Les règles ci-dessus relatives aux clauses de révision des prix ne s'appliquent qu'aux contrats belges. Un contrat avec un entrepreneur étranger sera soumis à ces règles s’il concerne des travaux à exécuter en Belgique et a été conclu par des personnes résidant en Belgique.
Exemples de formulations non légales dans les clauses de révision des prix
Les prix peuvent-ils changer s’il n’y a pas de clause de révision des prix dans le contrat?
En principe, le prix ne peut plus changer si le contrat ne contient pas de clause de révision des prix. Un contrat, en effet, a force contraignante. Toutefois, une modification récente du code civil change quelque peu la donne…
De nouvelles règles ont été adoptées en 2022 pour les contrats conclus à partir du 1/1/2023. En jargon juridique, on parle de l'introduction de la théorie de l'imprévision. Qu’est-ce que cela veut dire en clair ? Dans certains cas, une des parties au contrat peut demander une renégociation des conditions, notamment si un changement de circonstances imprévu rend l'exécution du contrat excessivement onéreuse pour cette partie, par exemple en raison d'une augmentation significative des coûts.
Si la renégociation n'aboutit pas, la partie lésée peut saisir le tribunal et demander la modification du contrat, voire sa résiliation (totale ou partielle).
Le contrat peut exclure la possibilité de le modifier. Reste à voir ce que ces nouvelles règles signifieront dans la pratique et comment elles seront appliquées. Il existe par exemple une condition selon laquelle le changement de circonstances devait être imprévisible au moment de la signature du contrat.
En ce qui concerne les contrats de construction conclus en cette période, il semble difficile de pouvoir affirmer que l'augmentation des prix de revient était imprévisible. La question se pose aussi de savoir à partir de quand une augmentation de prix devient excessivement onéreuse.
La clause de révision des prix peut-elle s'appliquer à un projet clé en main?
La loi Breyne définit les règles applicables à un projet de logement sur plan ou clé en main. Et si un projet de construction relève de cette loi Breyne, les règles deviennent encore plus strictes. En principe, le prix est fixe. Il ne peut encore changer que si le contrat contient une clause de révision des prix. Pour les projets de construction couverts par la loi Breyne, une distinction doit être faite entre le prix du terrain et le prix des travaux en cas de révision des prix.
La partie du prix relative au terrain ne peut jamais faire l'objet d'une révision de prix. D'ailleurs, pour ce type de projets aussi, la révision des prix ne peut concerner que 80% du prix initial.

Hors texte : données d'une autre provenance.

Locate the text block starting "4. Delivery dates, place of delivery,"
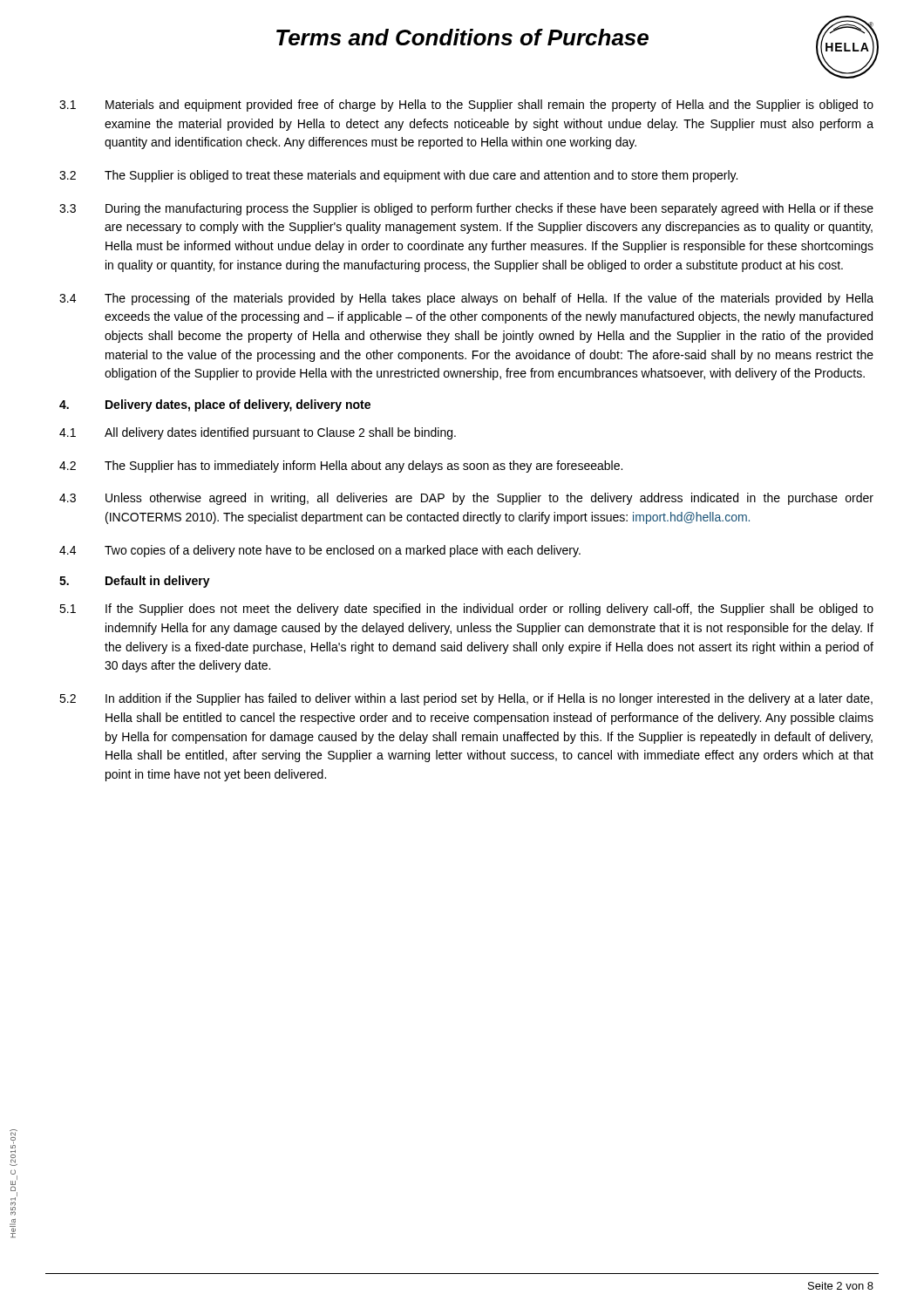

Les paramètres qui peuvent entrer en ligne de compte sont les fluctuations des coûts de la main-d'œuvre et des prix des matériaux. La révision des coûts de la main-d'œuvre ne peut porter que sur un maximum de 50% du prix des travaux. Pour les coûts des matériaux, seuls 30% du prix peut être révisés. Au moins 20% du prix restera donc toujours fixe.
Conseils de notre expert
1. Réfléchissez au préalable si une clause de révision des prix est ou non acceptable pour vous.

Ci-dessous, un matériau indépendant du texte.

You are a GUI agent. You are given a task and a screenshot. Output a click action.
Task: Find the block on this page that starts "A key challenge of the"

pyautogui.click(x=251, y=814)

2. Lisez attentivement les conditions générales avant de signer et assurez-vous de bien comprendre les implications financières qu'elles peuvent avoir.
3. Tenez compte de la marge de manœuvre financière dont vous disposez. Avez-vous la possibilité d'emprunter davantage et, si oui, à quelles conditions.
4. N'acceptez que les clauses de révision des prix basées sur des données objectives.
5. Si l'entrepreneur applique la clause de révision des prix, vérifiez attentivement le calcul et, au besoin, faites-le vérifier par votre architecte.
6. Demandez un prix fixe garanti pendant une certaine période - par exemple, un an - de sorte que la clause de révision des prix ne puisse s’appliquer qu'après ce délai.
7. Essayez de vous mettre d'accord sur un montant maximum.
8. N'oubliez pas qu'une clause de révision des prix peut fonctionner dans les deux sens ; une réduction de prix en votre faveur est donc également possible.
9. Les clauses de révision des prix qui ne remplissent pas les conditions exposées ci-dessus n'ont aucune valeur juridique.